Edit, so I did some more enumeration and ran G******.py and found a family member. But the script tells me the clock Skew is too much. What is the best way of fixing it that it doesn’t ■■■■■■ anything else up?

Edit*:

I really have no idea what is going on right now:

Target Host:

C:\Users*\Documents> net time
Current time at \
.
.* is 3/12/2020 8:54:53 PM

The command completed successfully.

My Kali Machine:

mechs@kali:~$ date
Thu 12 Mar 20:54:07 GMT 2020

I keep getting “Kerberos SessionError: KRB_AP_ERR_SKEW(Clock skew too great)”

Nmap Check

Host script results:
|clock-skew: 6h59m36s
| smb2-security-mode:
| 2.02:
|
Message signing enabled and required
| smb2-time:
| date: 2020-03-13T03:30:43 (this was a few minutes before, ignore the minutes)
|_ start_date: N/A

Bnaging my head here! No idea what timezone is being used

@OrangeHat said:
I’m curious to know if anyone went down the CVE route to get root?

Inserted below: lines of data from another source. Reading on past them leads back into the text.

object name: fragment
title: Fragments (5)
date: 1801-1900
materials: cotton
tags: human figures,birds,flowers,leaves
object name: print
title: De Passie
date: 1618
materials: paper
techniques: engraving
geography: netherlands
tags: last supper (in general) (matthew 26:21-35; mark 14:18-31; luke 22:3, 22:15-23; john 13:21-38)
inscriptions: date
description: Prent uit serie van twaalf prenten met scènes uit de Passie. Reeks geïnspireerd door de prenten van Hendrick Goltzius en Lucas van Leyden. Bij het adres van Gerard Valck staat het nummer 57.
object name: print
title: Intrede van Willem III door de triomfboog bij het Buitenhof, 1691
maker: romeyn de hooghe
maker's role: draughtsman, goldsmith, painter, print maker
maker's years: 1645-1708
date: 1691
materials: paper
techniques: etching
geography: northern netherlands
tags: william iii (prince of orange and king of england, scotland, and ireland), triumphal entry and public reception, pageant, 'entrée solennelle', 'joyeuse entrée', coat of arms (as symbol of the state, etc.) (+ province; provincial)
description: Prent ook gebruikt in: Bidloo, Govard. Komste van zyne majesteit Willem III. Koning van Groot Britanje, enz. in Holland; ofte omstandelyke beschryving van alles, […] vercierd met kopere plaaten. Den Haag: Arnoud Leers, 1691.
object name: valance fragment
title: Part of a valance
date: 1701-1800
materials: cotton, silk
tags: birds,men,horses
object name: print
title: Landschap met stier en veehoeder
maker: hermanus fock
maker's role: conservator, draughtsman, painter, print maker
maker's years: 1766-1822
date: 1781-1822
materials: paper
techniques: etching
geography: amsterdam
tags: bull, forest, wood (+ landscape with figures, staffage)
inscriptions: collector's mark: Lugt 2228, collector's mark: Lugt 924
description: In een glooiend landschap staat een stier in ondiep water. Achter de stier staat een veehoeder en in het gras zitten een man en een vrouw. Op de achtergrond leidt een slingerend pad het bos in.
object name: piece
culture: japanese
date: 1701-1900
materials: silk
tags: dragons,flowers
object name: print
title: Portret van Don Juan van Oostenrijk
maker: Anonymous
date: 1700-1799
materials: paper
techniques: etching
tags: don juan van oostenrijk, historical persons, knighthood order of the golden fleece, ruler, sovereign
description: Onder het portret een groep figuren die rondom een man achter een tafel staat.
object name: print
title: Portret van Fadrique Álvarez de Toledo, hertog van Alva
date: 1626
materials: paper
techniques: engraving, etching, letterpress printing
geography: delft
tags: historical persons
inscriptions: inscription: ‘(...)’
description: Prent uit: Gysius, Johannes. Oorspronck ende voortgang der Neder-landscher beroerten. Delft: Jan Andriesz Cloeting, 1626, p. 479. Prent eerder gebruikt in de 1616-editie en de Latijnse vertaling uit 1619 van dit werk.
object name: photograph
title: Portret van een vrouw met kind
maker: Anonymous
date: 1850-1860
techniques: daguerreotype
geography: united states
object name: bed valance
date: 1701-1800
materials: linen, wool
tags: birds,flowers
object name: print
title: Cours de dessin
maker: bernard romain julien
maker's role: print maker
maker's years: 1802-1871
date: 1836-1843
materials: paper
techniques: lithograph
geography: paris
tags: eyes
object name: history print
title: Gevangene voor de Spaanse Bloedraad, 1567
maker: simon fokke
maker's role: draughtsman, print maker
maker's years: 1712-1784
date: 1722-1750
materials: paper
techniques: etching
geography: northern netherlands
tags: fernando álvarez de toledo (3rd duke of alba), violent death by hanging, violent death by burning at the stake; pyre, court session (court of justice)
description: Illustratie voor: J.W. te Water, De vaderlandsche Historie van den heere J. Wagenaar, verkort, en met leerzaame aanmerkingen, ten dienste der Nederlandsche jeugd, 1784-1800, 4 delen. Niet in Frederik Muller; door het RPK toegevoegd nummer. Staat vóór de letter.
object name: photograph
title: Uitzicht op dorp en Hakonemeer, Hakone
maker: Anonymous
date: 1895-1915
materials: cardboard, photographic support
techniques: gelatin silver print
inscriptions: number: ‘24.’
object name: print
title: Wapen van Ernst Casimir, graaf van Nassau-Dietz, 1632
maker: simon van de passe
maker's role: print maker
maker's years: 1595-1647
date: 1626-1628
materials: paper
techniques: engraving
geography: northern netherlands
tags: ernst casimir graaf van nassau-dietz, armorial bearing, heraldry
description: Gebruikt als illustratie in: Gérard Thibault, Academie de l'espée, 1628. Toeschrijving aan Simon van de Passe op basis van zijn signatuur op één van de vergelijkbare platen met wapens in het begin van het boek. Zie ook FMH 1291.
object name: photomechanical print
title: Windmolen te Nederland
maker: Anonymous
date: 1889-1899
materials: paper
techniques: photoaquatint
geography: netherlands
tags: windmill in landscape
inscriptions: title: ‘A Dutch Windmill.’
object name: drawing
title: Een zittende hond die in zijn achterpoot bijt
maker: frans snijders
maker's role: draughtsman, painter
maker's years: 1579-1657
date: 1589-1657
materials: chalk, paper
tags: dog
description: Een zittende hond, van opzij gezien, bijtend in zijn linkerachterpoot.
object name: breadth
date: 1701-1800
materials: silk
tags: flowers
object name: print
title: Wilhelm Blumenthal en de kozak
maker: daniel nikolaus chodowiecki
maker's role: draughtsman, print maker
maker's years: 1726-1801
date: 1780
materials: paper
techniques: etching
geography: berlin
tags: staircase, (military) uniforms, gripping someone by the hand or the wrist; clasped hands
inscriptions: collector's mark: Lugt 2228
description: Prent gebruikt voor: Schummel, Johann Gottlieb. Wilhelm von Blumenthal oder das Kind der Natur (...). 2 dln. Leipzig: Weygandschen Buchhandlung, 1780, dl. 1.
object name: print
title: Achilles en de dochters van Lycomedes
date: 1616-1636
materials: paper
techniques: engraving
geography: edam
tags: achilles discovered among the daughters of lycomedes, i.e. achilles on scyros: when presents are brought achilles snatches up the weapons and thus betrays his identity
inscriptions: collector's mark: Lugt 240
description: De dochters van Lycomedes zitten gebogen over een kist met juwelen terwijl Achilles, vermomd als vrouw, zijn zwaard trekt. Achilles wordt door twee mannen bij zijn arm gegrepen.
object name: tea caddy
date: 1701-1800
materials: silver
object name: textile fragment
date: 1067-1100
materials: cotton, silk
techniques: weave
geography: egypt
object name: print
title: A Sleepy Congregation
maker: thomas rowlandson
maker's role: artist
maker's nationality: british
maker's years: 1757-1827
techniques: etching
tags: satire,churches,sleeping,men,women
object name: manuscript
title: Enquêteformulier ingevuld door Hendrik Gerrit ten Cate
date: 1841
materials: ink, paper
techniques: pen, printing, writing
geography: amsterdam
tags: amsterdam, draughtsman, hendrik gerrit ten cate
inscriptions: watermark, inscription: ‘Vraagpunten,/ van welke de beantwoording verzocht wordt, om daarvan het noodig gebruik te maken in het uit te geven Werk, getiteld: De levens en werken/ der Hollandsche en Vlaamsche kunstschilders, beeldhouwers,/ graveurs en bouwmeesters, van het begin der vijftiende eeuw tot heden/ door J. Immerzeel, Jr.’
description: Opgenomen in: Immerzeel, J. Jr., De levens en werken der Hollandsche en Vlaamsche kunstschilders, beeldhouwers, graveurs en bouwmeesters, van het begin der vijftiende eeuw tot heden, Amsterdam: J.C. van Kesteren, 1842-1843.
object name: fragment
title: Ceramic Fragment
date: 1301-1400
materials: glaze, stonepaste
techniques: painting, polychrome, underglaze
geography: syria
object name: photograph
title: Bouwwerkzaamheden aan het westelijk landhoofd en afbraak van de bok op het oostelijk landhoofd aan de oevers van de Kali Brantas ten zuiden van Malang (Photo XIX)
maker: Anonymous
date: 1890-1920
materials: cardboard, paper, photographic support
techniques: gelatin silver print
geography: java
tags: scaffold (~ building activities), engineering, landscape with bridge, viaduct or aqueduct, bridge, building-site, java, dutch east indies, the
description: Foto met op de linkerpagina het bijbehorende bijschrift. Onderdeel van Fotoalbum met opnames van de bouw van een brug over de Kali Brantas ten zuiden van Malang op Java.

I tried to get it working for a while, but eventually gave up. Had to make some changes to get it cross-compiling, but then it wouldn’t run. Also tried writing my own bat script, but never got it to trigger the vuln.

If you’re talking about the printer one, I spent SO long trying to get that to work and eventually gave up. Also spoke to 2 other people on here that came to the same conclusion. Can send you my notes on why it doesn’t work and how far I got if you want.